*THE PROBLEM:*
In the entries below, find the line with "Format: YAML, one" and print exactly every line from there up to and including the line with "#8 pitcher [166,156,352,413]", with no other lines.

Start of RECORDS SHOWN

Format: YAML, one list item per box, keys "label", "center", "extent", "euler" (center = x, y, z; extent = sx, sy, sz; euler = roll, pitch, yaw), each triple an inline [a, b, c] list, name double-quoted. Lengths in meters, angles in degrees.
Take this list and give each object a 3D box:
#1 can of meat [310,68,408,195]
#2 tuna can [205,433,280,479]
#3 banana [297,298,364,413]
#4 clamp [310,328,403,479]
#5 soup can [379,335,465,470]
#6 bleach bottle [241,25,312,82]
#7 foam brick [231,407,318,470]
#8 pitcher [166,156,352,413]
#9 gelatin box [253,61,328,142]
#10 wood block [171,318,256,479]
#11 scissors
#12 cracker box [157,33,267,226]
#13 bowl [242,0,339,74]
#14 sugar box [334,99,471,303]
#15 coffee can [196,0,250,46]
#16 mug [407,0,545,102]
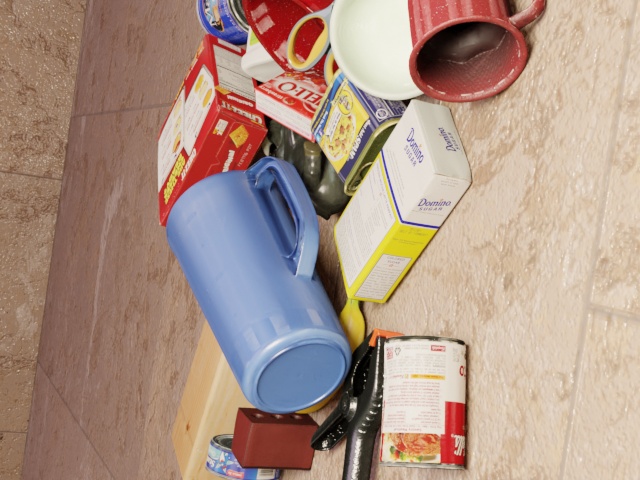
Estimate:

End of RECORDS SHOWN
Start of RECORDS SHOWN

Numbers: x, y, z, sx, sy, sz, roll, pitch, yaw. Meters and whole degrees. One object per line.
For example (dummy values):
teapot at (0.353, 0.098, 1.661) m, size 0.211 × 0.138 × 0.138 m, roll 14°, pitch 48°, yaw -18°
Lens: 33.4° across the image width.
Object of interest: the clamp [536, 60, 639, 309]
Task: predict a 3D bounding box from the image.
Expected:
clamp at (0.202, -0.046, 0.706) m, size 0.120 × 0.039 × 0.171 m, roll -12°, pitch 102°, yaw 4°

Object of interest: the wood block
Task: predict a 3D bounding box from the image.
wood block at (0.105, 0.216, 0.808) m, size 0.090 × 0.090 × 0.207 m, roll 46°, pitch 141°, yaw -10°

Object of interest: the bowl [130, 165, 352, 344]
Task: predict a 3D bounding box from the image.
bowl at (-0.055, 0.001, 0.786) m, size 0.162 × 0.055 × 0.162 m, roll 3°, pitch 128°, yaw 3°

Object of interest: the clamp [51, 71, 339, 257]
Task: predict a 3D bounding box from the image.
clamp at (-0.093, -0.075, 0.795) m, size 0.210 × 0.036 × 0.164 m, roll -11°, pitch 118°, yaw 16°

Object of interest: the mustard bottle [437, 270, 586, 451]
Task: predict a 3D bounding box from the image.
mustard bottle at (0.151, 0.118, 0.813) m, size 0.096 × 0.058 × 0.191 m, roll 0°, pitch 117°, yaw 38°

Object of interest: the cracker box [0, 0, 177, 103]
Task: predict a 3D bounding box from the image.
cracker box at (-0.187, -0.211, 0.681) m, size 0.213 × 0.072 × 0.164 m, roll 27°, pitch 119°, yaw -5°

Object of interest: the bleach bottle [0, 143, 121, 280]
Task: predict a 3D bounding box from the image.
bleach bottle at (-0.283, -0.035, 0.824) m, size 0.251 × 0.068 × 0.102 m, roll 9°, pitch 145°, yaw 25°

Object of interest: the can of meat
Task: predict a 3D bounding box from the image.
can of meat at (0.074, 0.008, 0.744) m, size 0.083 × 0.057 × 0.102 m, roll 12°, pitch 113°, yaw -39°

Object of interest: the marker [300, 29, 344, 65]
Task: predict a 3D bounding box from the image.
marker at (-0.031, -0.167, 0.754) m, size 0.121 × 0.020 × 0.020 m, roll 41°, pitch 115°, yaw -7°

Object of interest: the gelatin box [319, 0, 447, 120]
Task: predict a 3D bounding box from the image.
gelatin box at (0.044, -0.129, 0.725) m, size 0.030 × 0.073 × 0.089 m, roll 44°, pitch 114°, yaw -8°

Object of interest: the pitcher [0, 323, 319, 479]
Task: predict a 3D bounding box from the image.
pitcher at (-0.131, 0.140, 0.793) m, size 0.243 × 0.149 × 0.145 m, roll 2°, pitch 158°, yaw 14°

End of RECORDS SHOWN
Start of RECORDS SHOWN

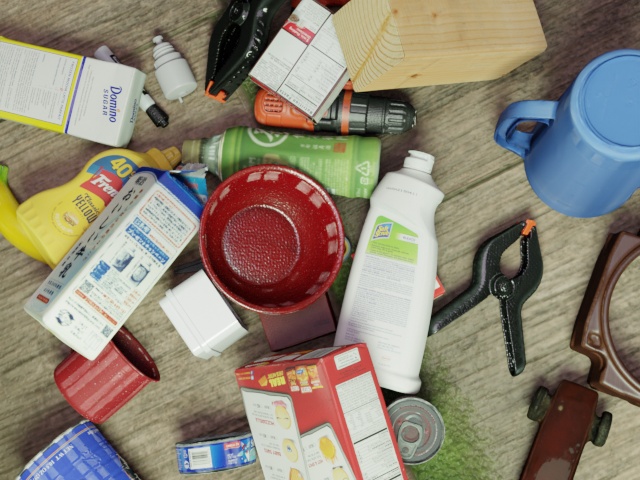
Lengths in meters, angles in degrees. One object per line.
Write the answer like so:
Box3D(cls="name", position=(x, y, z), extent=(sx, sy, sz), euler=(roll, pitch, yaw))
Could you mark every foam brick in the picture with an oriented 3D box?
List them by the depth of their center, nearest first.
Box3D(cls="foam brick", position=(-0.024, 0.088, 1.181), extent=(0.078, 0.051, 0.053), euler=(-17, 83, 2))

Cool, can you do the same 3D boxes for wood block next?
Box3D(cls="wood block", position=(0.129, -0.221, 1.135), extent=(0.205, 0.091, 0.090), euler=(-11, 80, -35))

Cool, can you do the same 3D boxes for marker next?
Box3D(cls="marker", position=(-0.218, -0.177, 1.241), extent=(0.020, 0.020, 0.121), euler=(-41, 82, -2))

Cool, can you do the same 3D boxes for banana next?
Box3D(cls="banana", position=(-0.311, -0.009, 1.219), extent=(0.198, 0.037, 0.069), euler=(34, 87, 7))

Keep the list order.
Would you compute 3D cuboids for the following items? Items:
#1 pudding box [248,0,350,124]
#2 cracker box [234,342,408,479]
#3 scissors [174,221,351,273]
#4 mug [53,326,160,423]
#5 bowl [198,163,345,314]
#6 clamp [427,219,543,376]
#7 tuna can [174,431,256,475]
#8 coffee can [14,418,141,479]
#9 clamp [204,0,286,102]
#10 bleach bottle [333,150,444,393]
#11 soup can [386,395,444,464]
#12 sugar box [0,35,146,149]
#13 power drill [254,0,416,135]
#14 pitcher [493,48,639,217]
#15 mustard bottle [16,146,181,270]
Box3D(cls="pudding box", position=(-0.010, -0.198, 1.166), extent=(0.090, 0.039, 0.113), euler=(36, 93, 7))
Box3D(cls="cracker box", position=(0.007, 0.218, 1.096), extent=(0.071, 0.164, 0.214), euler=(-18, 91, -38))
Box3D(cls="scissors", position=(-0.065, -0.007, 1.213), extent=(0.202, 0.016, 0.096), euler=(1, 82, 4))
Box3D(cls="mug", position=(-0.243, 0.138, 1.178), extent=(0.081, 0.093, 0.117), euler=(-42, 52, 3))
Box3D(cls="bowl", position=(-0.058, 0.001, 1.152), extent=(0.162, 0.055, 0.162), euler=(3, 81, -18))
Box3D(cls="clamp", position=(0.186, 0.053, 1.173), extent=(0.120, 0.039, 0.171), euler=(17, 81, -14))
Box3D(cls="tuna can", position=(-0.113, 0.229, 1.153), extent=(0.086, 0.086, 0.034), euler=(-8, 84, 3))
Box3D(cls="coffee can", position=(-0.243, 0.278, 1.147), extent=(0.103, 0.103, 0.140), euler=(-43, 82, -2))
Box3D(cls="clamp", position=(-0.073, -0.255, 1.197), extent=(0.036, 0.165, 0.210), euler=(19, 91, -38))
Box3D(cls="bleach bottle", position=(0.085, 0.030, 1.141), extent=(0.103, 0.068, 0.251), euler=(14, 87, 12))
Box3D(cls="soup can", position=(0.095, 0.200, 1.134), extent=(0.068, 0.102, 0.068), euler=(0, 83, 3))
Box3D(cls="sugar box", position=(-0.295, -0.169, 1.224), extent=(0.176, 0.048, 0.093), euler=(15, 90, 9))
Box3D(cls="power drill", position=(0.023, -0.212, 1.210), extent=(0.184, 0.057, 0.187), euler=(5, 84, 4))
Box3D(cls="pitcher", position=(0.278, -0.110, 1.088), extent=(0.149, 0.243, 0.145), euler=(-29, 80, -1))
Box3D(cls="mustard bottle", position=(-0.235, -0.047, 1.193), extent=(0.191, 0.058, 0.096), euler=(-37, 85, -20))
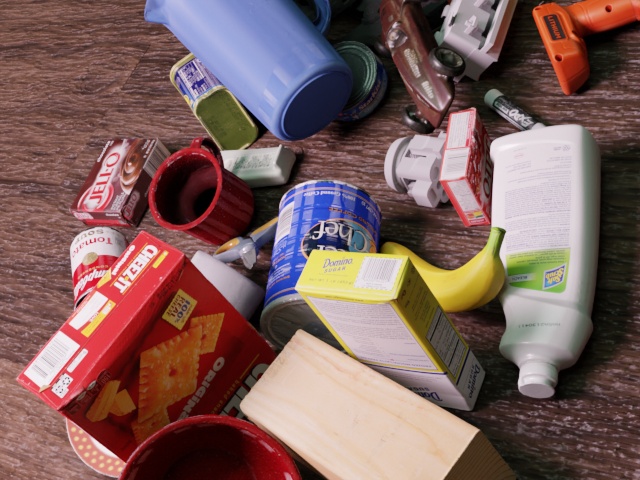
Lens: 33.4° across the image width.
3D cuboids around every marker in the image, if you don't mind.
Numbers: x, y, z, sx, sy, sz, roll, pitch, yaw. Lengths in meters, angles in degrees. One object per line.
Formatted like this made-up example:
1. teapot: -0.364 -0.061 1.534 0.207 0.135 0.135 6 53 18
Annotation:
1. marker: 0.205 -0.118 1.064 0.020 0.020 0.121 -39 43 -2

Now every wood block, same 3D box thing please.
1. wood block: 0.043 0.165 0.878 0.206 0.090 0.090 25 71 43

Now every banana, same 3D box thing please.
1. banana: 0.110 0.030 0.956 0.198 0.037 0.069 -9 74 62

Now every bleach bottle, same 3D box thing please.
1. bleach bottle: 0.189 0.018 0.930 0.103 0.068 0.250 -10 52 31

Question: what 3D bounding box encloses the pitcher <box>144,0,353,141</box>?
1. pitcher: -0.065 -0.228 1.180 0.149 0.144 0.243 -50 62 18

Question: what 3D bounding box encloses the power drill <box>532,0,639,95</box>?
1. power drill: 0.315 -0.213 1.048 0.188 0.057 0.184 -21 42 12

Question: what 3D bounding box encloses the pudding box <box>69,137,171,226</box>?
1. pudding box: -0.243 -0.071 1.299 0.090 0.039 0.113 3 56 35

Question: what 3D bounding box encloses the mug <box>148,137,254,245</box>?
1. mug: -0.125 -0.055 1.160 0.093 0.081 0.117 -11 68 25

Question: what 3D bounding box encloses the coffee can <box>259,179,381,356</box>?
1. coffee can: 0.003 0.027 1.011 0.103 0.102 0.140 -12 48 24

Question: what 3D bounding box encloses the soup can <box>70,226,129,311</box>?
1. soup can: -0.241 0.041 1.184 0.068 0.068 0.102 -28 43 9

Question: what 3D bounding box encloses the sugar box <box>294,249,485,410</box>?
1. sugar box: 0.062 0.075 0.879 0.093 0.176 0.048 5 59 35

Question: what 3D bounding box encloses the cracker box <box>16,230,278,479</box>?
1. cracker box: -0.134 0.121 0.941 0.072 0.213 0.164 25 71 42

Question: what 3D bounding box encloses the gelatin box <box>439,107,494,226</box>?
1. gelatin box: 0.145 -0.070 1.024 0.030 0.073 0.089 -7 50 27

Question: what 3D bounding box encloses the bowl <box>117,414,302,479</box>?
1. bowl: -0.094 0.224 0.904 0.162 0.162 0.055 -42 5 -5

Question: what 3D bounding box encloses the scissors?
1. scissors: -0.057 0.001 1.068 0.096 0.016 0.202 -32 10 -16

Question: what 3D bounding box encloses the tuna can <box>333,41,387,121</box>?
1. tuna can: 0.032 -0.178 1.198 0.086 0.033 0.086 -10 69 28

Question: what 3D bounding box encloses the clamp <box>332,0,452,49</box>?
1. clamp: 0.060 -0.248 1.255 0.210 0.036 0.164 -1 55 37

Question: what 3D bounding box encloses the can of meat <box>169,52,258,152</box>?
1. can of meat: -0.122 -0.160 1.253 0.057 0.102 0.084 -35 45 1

End of RECORDS SHOWN

*WRITTEN RESPONSE:*
Format: YAML, one list item per box, keys "label", "center", "extent", "euler" (center = x, y, z; extent = sx, sy, sz; euler = roll, pitch, yaw), each triple an inline [a, b, c] list, name double-quoted. Lengths in meters, angles in degrees.
Take this list and give each object a 3D box:
#1 can of meat [310,68,408,195]
#2 tuna can [205,433,280,479]
#3 banana [297,298,364,413]
#4 clamp [310,328,403,479]
#5 soup can [379,335,465,470]
#6 bleach bottle [241,25,312,82]
#7 foam brick [231,407,318,470]
#8 pitcher [166,156,352,413]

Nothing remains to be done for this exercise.